Desde Montesquieu, a ideia de poderes independentes e de mesma envergadura
precisa ser pensada na prática. Como só um poder limita outro, ficou estabelecido
que os poderes teriam mecanismos para se conterem mutuamente. Nos EUA, por
exemplo, o impeachment é usado contra juízes de primeiro grau. No Brasil, uma
das únicas formas do executivo agir sobre o judiciário é o STF. Algumas vozes
têm defendido uma mudança na escolha do STF. Não sei se por ignorância ou má fé
falam em “concursos” ou “indicação legislativa”, retirando o poder atual do
executivo. A indicação de um ministro da suprema corta deveria ser algo de
extrema importância. De novo, voltando aos EUA, por lá são feitos meses de
entrevistas com os candidatos, análises das suas últimas decisões, de sua
produção na vida e etc.

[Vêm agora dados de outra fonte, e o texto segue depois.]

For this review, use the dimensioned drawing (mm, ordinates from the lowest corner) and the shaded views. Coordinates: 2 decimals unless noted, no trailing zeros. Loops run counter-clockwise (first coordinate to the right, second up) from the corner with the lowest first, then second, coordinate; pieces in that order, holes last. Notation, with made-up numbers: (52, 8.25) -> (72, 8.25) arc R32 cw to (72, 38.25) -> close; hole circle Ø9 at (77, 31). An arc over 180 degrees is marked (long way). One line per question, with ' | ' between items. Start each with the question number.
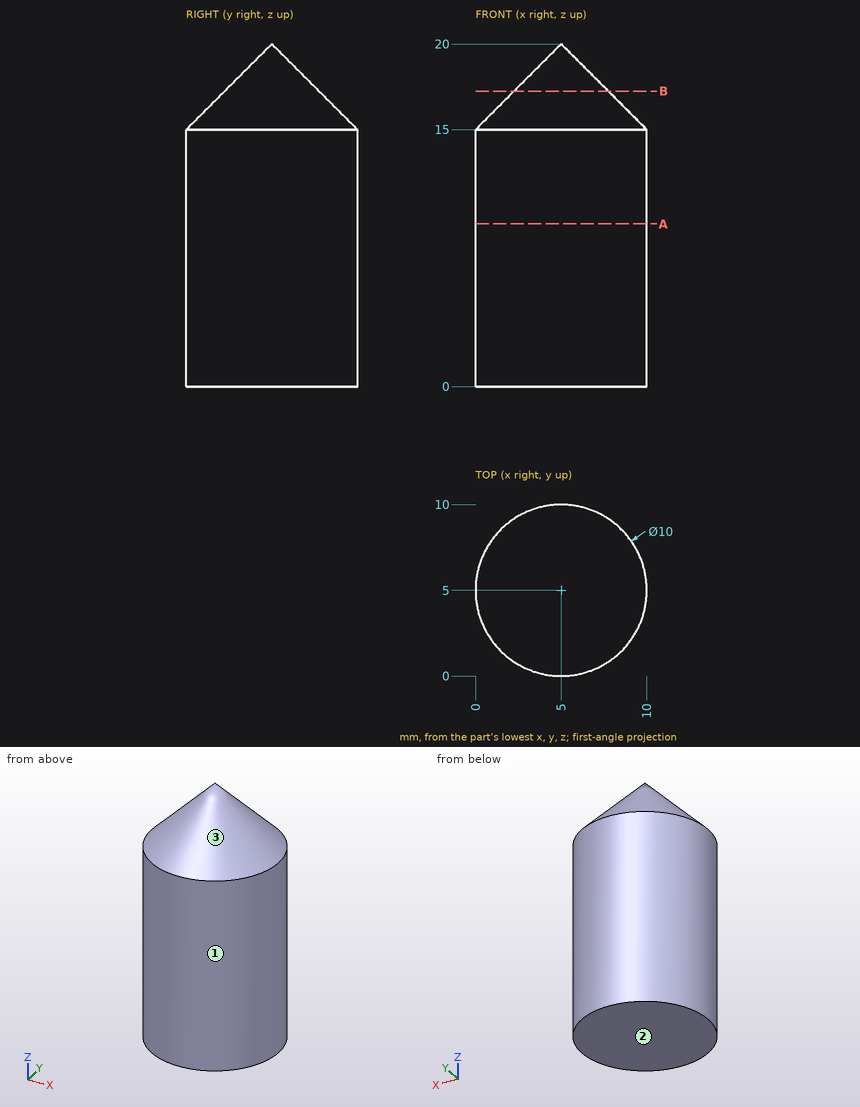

Os governos progressistas no Brasil acreditaram que
deveriam ser “republicanos” indicando ministros com critérios insondáveis.
Estamos onde estamos.
A
terceira função política do STF é evitar a conflagração social. Alguns nomeiam
de “Poder Moderador”, lembrando o tempo do império. Uma palavra que deveria se
basear na lei e moderar a vida do país quando em situação de risco. Este poder
moderador serviria sempre como apaziguador, mas teria que ser ativo. Teria que
se pronunciar e não se calar omitindo-se, como faz o atual STF. Não sei se a
experiência do regime militar (quando três ministros não aceitaram o golpe e
foram trocados pelos militares sem que a corte tomasse qualquer atitude) ainda
é presente, mas desde então o STF se tornou um carimbador de pequenos, médios e
grandes golpes. A corte procura se eximir da sua função de moderação. Protegem
seu status pessoais sem incorrer em muitos riscos. É sempre providencial o
pedido de vista indefinida, com que os ministros evitam até que o assunto seja
debatido em plenário. Qualquer tentativa de reverter este descalabro encontra a
voz corporativa da “independência do judiciário”. Defendem o direito de
engavetarem decisões pelo tempo que interessar a eles individualmente. E dizem
que isto é “independência” do poder que – em princípio – a teoria apontava que
deveria ser como uma segurança para a sociedade, e não para os próprios membros.
Agora,
se o STF se furta de ser um amortecedor do judiciário, quase sempre em função
do corporativismo. Se se furta decidir em momentos-chave para evitar
conflagrações sociais e se o executivo o livrou de ser um dos freios e
contrapesos (porque indicou com base em critérios não definidos), então este
STF não serve ao país. Não serve para mais nada. Esta situação ocorreu sim, em
parte, por inação do executivo. Entretanto, outra significativa parte ocorre
porque sim, temos uma suprema corte acovardada. Uma suprema corte em que o
único que ruge como um leão no plenário e na frente das câmeras fala como um
gatinho ao telefone com senadores de determinado partido. Lula estava certo em
seu julgamento. É um escárnio terem votado o processo do Collor quase 20 anos
depois do impeachment. E é um escárnio que os processos de Dilma Rousseff
caminhem a mesma senda. Uma corte que só grita para defender os seus.
O
país não precisa se onze supremas autoridades, protegidas social e
politicamente, regiamente pagas, nobiliarquicamente tratadas, artisticamente
filmadas em sessões para que eles deixem, por conveniência, a “história seguir
seu curso”. É muito caro ter um STF que engaveta o que de mais importante
existe para o país, enquanto põe em pauta um recurso da empresa X contra fulano
de tal e passa horas debatendo sobre uma questão minúscula com ares de
importância magistral enquanto o país se liquefaz.